Популярная на Физтехе бит-группа «Призраки», образованная в 1968 году, кажется, с Ильей Ченцовым, как раз когда я учился на втором курсе, исполняла песню, где есть такие строки:
Не пиши ты мне писем, пожалуйста.
Дело есть, и его я, ей-богу, не выдумал.
Я тебе не отвечу не из милости и не из жалости.
Я давно не писал ничего, кроме формул и выкладок.
. . . . . . . . . . . . . . . . . . . . . . . . . . . . . . . . . . . . . . . . . . . . .
Ах, как хочется в небо, разбежавшись, ворваться
И услышать команду: «Внимание! Взлет!»
Только нужно у пульта на Земле оставаться,
Чтоб мальчишек отправить в полет.
(Слова песни — И. Аглицкая, музыка — В. Чернышёв)
Такая идеология господствовала на Физтехе в наше время. Я, как и Саша Серебров, в некотором смысле, «out of line» — выбившиеся из общего ряда.
Каким Вы запомнили Физтех?
Маленьким (Главный корпус был только-только введен в строй), так что многие знали друг друга даже на разных факультетах, домашним (иногда экзамены у профессора на кухне сдавали), мужским (хорошо если одна девушка на группу доставалась), уютным, зеленым, брызжущим идеями и юмором, удивляющим глубиной проникновения в физический мир и его красоты, а за пределами Долгопрудного — окутанным флером мифов, легенд и баек, которые мы, впрочем, сами создавали частично.
Самое яркое впечатление после полетов в космос?
По-новому увидел и почувствовал наш мир, будто снял вечные затемненные очки.
Во время полетов вы принимали участие в проекте «Знамя мира». В чем заключалась основная цель миссии, какая была цель полета?
Инициатором программы «Знамя мира» выступила Комиссия по разработке научного и культурного наследия Николая Рериха. Целью программы было возвращение утраченного человечеством духовного единения. В нем участвовали с 1990 г. несколько экспедиций. Космонавтам даже читали лекции по философам-космистам, в том числе и по наследию Рериха. Мне в программе участвовать не довелось. Занятий по космистам у меня не было.
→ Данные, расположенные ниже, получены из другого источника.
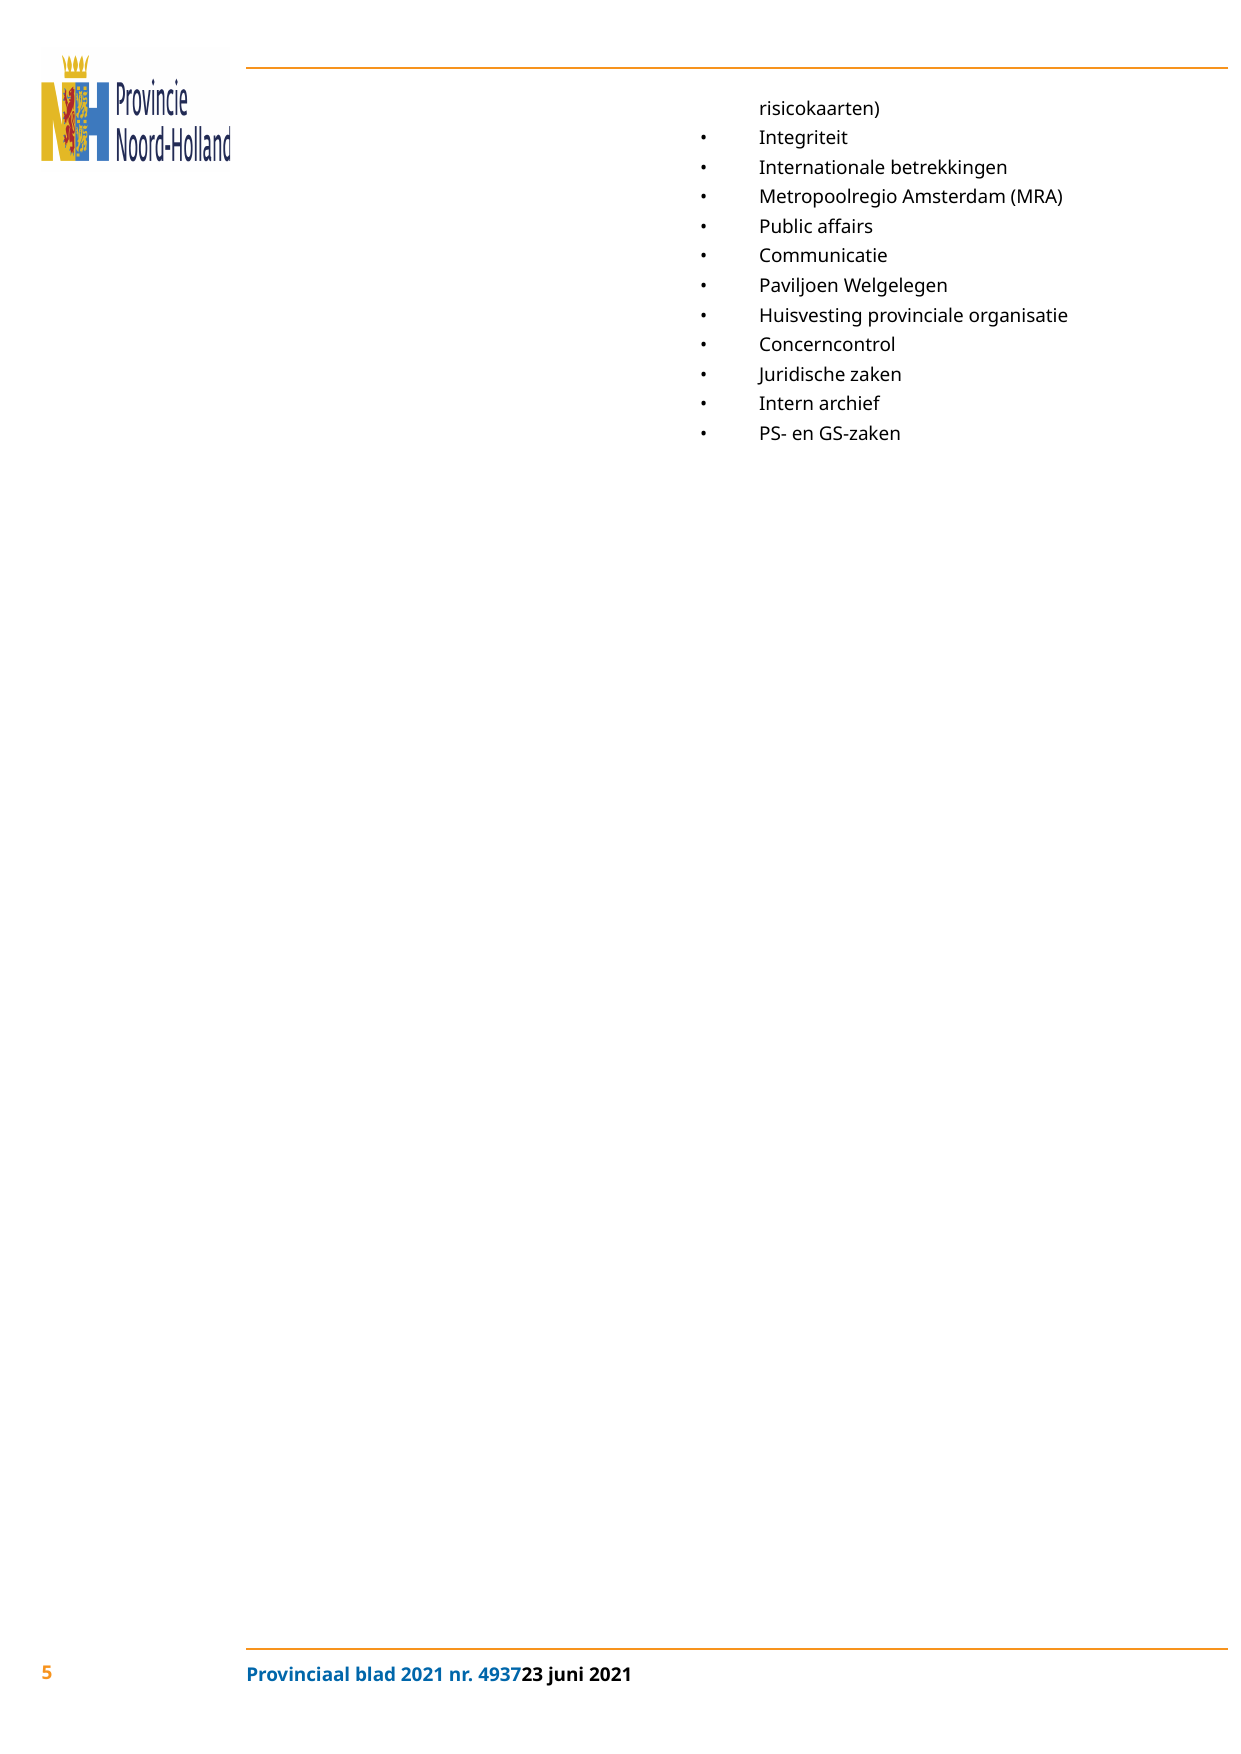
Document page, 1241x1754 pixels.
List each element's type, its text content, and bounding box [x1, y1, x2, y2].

table_cell [248, 95, 700, 446]
picture [41, 47, 231, 172]
table_cell risicokaarten) Integriteit Internationale betrekkingen Metropoolregio Amsterdam (MRA) Public affairs Communicatie Paviljoen Welgelegen Huisvesting provinciale organisatie Concerncontrol Juridische zaken Intern archief PS- en GS-zaken [700, 95, 1152, 446]

Просто я оказался в экипаже, возвращавшем «Знамя мира» (вообще их было несколько), и присутствовал при передаче Талгатом Мусабаевым «Знамени мира» президенту Нурсултану Назарбаеву.
Были ли какие-то опасные моменты во время полетов?
Конечно, были. До сих пор каждый космический полет — испытательный. Но в интервью рассказы о них все равно не впишутся. Все подобные происшествия я описал в своей книге «Властелины бесконечности. Космонавт о профессии и судьбе». Только что вышло второе издание. Если интересно ознакомиться с закулисьем космической жизни, данная книга поможет вам в этом разобраться.
Как вы относитесь к современному развитию отечественной космонавтики?
С удивлением…
Согласились бы вы полететь на Марс?
Космонавт-врач Валерий Поляков, выполнивший в прошлом веке рекордный по длительности космический полет в 438 суток — результат, не перекрытый до сих пор, — сказал как-то, что на Марс должны лететь космонавты-пенсионеры, в возрасте. Во-первых, у них уже есть профессиональная подготовка. Во-вторых, им уже не нужна детородная функция. А в-третьих, скорее всего, не вернутся, а стариков не так жалко. Это не цинизм. Это точная оценка профессионала — космонавта и врача. Если в такой постановке задачи — конечно, полетел бы!
Чего вы пожелаете нынешним Физтехам?
Прислушивайтесь к тем, кто был до вас, но решения принимайте только сами. Не стесняйтесь садиться за парту и учиться вновь и вновь. Научитесь делать что-то лучше всех других. Не тратьте зря время — оно ресурс невосполнимый. Нет нужды строго следовать правилам старших, в том числе и тем, что я перечислил. У каждого своя дорога!